Research into effectiveness aims to separate the wheat from the chaff. And while whole-body workouts can be one great strategy for a work-out program, the key in research is isolation. Isolation is a tricky thing though–because you need to still consider the intervention in its entirety. It’s no good to test how effective vibration platforms are if you don’t use them the way everyone is using them. But you do need to strip away some of the confounding factors to get at what the effect of the platform is from the rest of the protocol. This is why randomized studies are the gold standard of evidence generation. They make it possible to isolate the most contributory component of an intervention with a minimum of bias. Do these studies take place under ideal conditions? Not always, but often they do. Do they take place under unrealistic conditions? Not always, but sometimes they do.

The thinking behind ideal conditions is that if an intervention can’t be shown to work under ideal conditions, then it is certainly not going to work under non-ideal ones.

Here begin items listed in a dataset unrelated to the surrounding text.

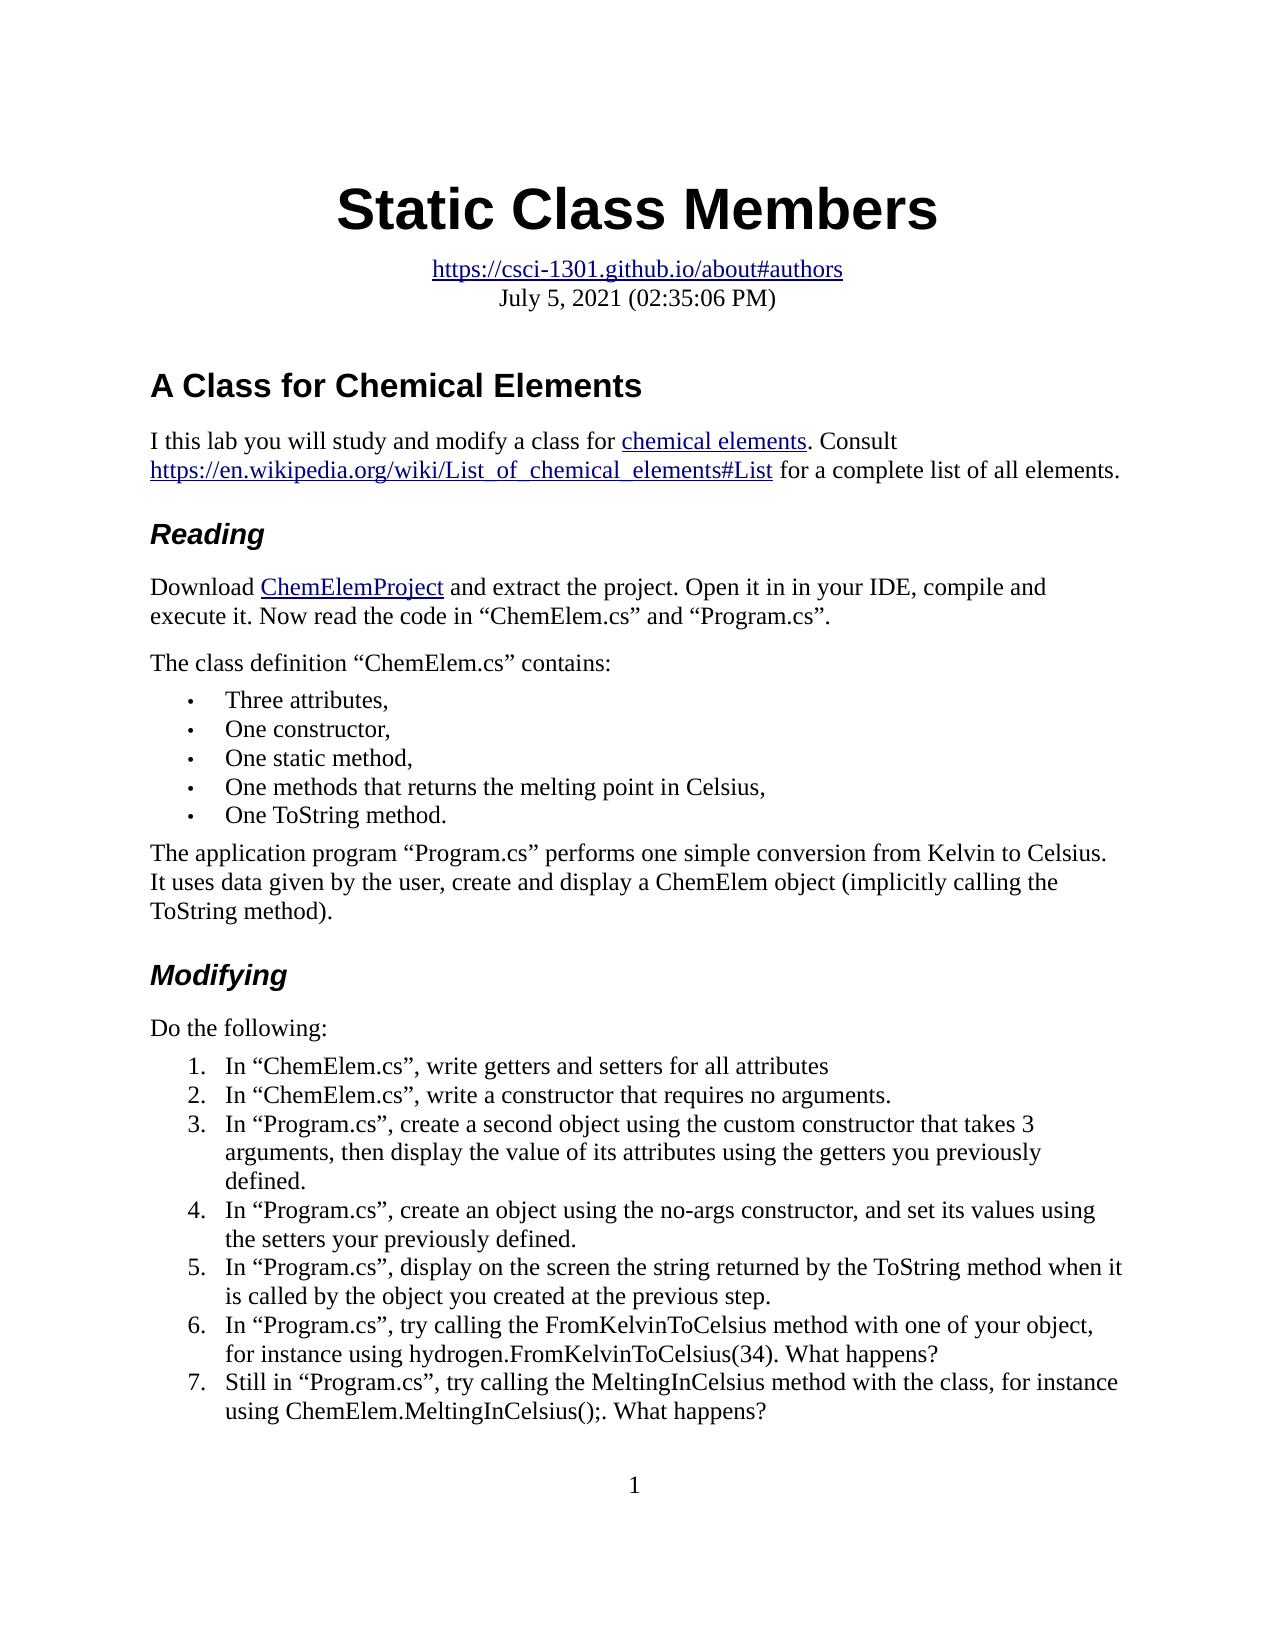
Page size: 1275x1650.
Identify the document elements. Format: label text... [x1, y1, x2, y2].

list One static method, [187, 743, 1125, 772]
list In “Program.cs”, try calling the FromKelvinToCelsius method with one of your object, for instance using hydrogen.FromKelvinToCelsius(34). What happens? [187, 1310, 1125, 1367]
list In “Program.cs”, display on the screen the string returned by the ToString method when it is called by the object you created at the previous step. [187, 1252, 1125, 1310]
list In “ChemElem.cs”, write a constructor that requires no arguments. [187, 1080, 1125, 1109]
title Static Class Members [150, 175, 1125, 242]
text Download ChemElemProject and extract the project. Open it in in your IDE, compile and execute it. Now read the code in “ChemElem.cs” and “Program.cs”. [150, 572, 1125, 630]
text https://csci-1301.github.io/about#authors [150, 254, 1125, 283]
text Do the following: [150, 1013, 1125, 1042]
text The class definition “ChemElem.cs” contains: [150, 648, 1125, 677]
list Still in “Program.cs”, try calling the MeltingInCelsius method with the class, for instance using ChemElem.MeltingInCelsius();. What happens? [187, 1367, 1125, 1425]
list One constructor, [187, 714, 1125, 743]
list One methods that returns the melting point in Celsius, [187, 772, 1125, 801]
list In “ChemElem.cs”, write getters and setters for all attributes [187, 1051, 1125, 1080]
subtitle Reading [150, 517, 1125, 551]
subtitle A Class for Chemical Elements [150, 366, 1125, 404]
subtitle Modifying [150, 958, 1125, 992]
text July 5, 2021 (02:35:06 PM) [150, 283, 1125, 312]
list In “Program.cs”, create a second object using the custom constructor that takes 3 arguments, then display the value of its attributes using the getters you previously defined. [187, 1109, 1125, 1195]
list In “Program.cs”, create an object using the no-args constructor, and set its values using the setters your previously defined. [187, 1195, 1125, 1252]
text I this lab you will study and modify a class for chemical elements. Consult https://en.wikipedia.org/wiki/List_of_chemical_elements#List for a complete list of all elements. [150, 426, 1125, 483]
list One ToString method. [187, 801, 1125, 829]
text The application program “Program.cs” performs one simple conversion from Kelvin to Celsius. It uses data given by the user, create and display a ChemElem object (implicitly calling the ToString method). [150, 838, 1125, 924]
list Three attributes, [187, 686, 1125, 714]
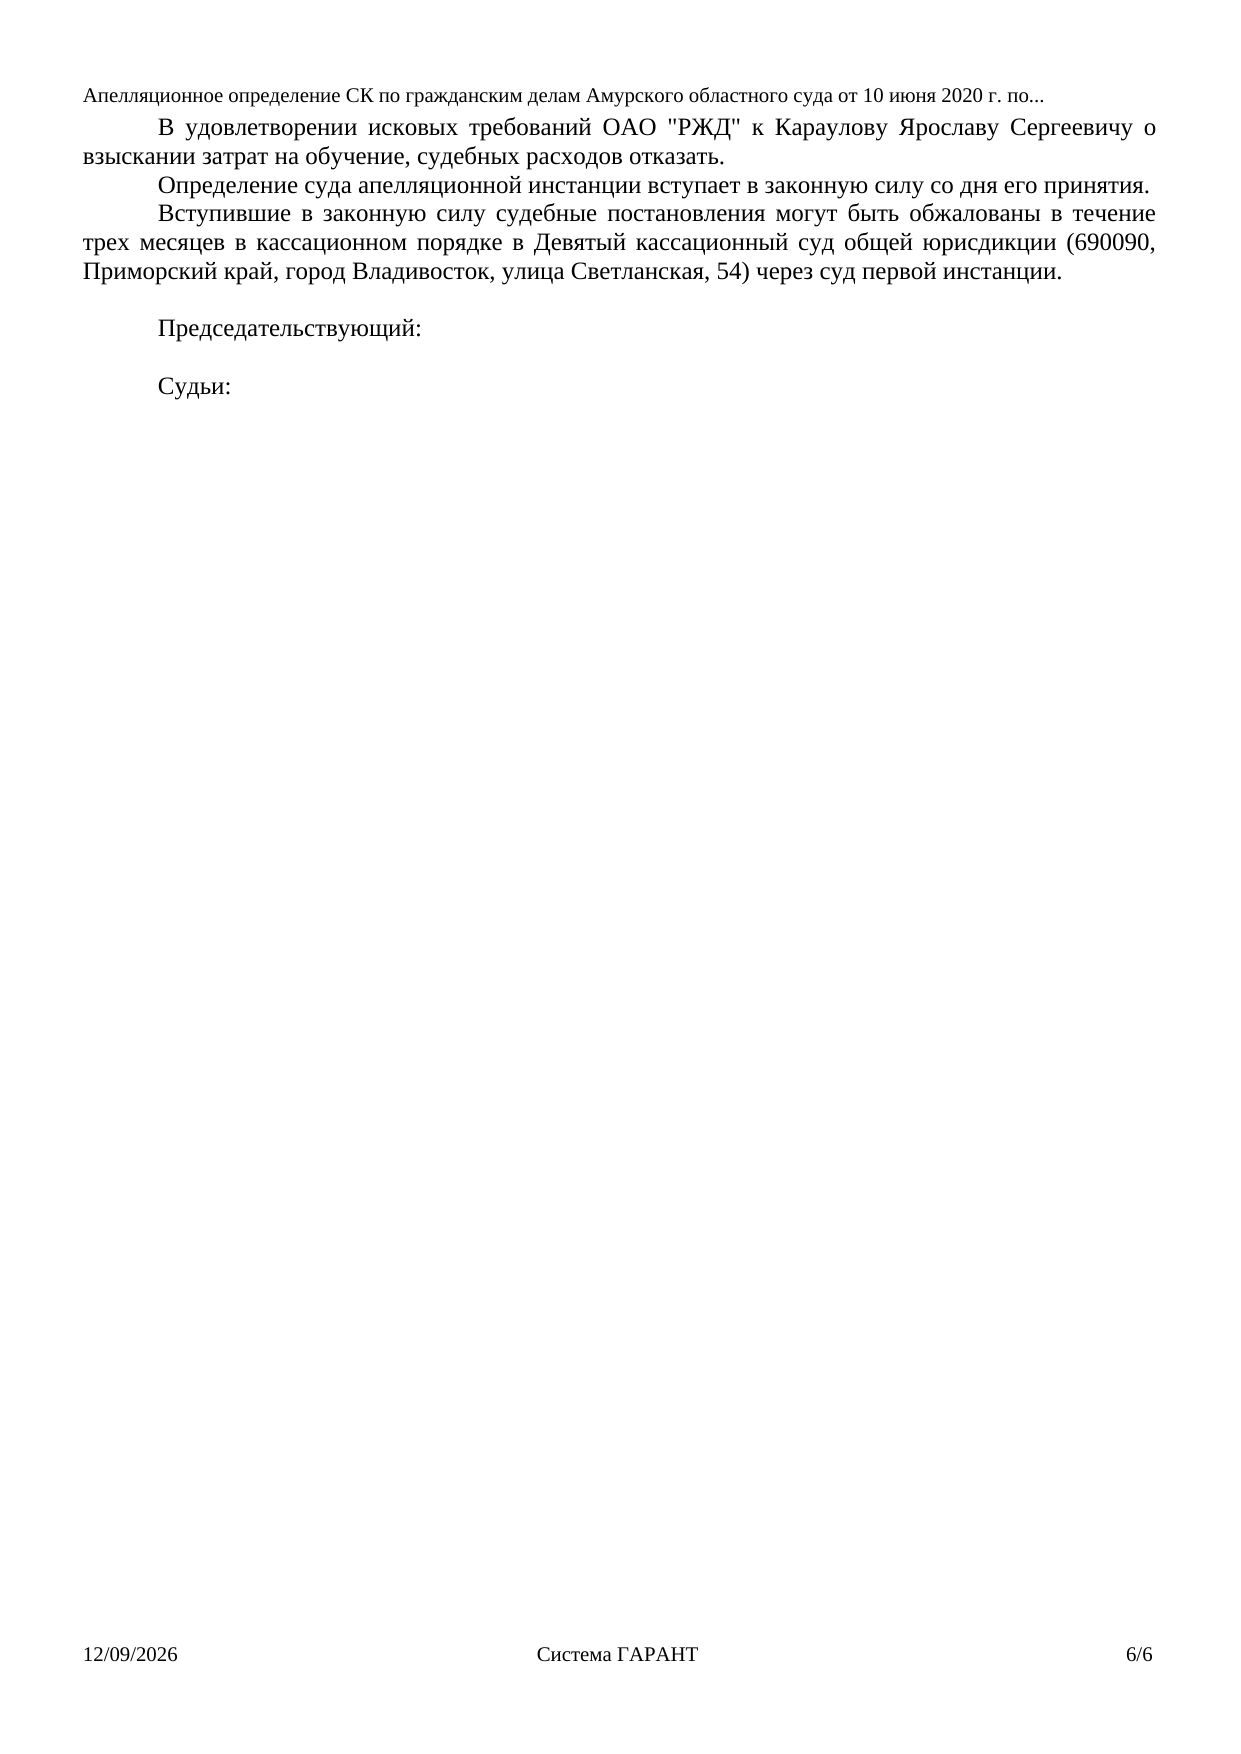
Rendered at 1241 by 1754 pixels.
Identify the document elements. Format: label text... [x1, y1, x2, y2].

text Судьи: [83, 371, 1157, 400]
text Председательствующий: [83, 313, 1157, 342]
text Определение суда апелляционной инстанции вступает в законную силу со дня его принятия. [83, 170, 1157, 198]
text В удовлетворении исковых требований ОАО "РЖД" к Караулову Ярославу Сергеевичу о взыскании затрат на обучение, судебных расходов отказать. [83, 112, 1157, 170]
text Вступившие в законную силу судебные постановления могут быть обжалованы в течение трех месяцев в кассационном порядке в Девятый кассационный суд общей юрисдикции (690090, Приморский край, город Владивосток, улица Светланская, 54) через суд первой инстанции. [83, 198, 1157, 285]

Don’t get me wrong, no randomized controlled trial is fully ideal, but what matters is whether the groups remain comparable to one another, because the only thing that should be different between them is the presence or absence of the real intervention.

There is a school of thinking that wants you to believe that research into training is impossible–that it is simply not possible to reduce training into component parts and that training is too holistic to study systematically. My response to this school is not that they find research intimidating, but rather, they haven’t had the experience to know what is possible, or what the new innovations are in trials design. Training research isn’t special. It’s just that there are poor liasons between the people with the training experience and the people with the research experience.

Maybe that bridge will be built stronger some day.